On-premise users: click in-app to access the full platform documentation for your version of DataRobot.

Predictions for fantasy baseball

Access this AI accelerator on GitHub

In this accelerator, you will leverage the DataRobot API to quickly build multiple models that work together to predict common fantasy baseball metrics for each player in the upcoming season. Millions of people play fantasy baseball every year—more than 15 million in the United States and Canada in 2022, according to the Fantasy Sports and Gaming Association. It is the second-most popular fantasy sport in the US and Canada, behind American football, and like most fantasy sports, fantasy team managers typically select players for their team through classic drafts or auction-style processes.
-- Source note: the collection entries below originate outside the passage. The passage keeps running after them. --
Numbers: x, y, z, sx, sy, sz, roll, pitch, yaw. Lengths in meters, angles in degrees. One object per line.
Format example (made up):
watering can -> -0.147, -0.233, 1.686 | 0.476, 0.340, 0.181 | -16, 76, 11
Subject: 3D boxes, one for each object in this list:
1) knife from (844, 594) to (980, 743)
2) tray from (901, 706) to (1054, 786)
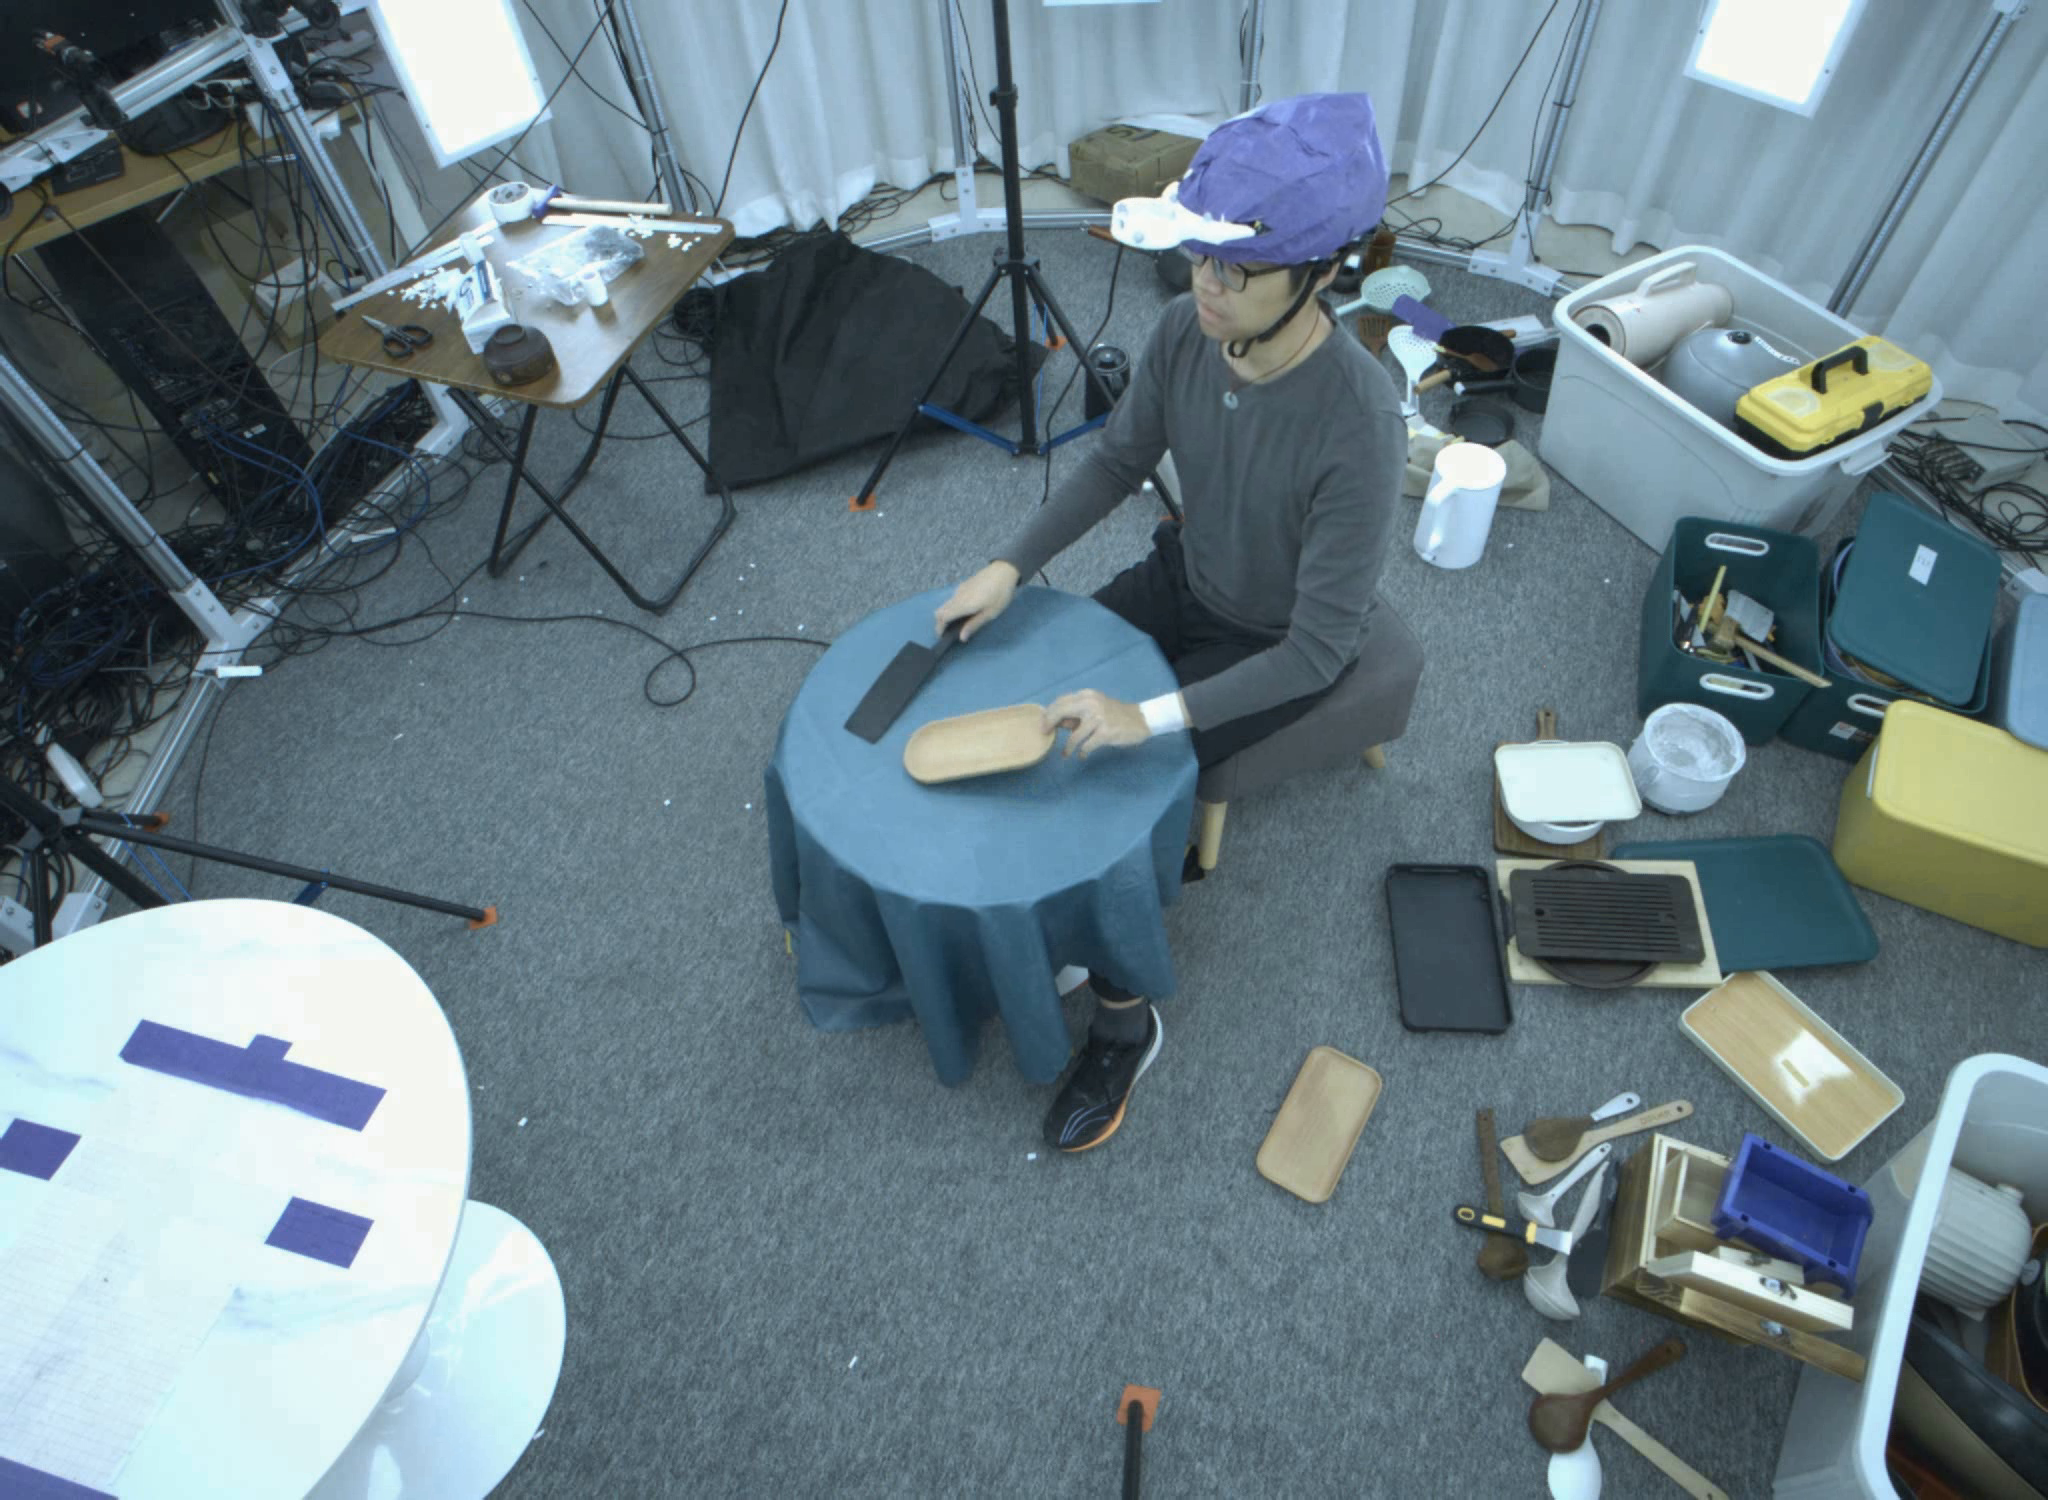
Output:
knife -> -0.165, -0.131, 1.874 | 0.079, 0.021, 0.303 | 30, 65, 21
tray -> -0.067, -0.005, 1.756 | 0.229, 0.021, 0.100 | -11, 56, 15

Choosing a team of baseball players based on who is your favorite—or even based on last year's performance without any regard for regression to the mean—is likely to field a relatively weak team year in and year out. Baseball is one of the most well documented of all sports, statistics-wise, and with the wealth of data available you can derive a better estimate of each player's true talent level and their likely performance in the coming year using machine learning. This allows for better drafting, helping to avoid overpaying for players coming off of "career" seasons while identifying undervalued players that can effectively fill out a quality team in later rounds of the draft (or for fewer auction dollars).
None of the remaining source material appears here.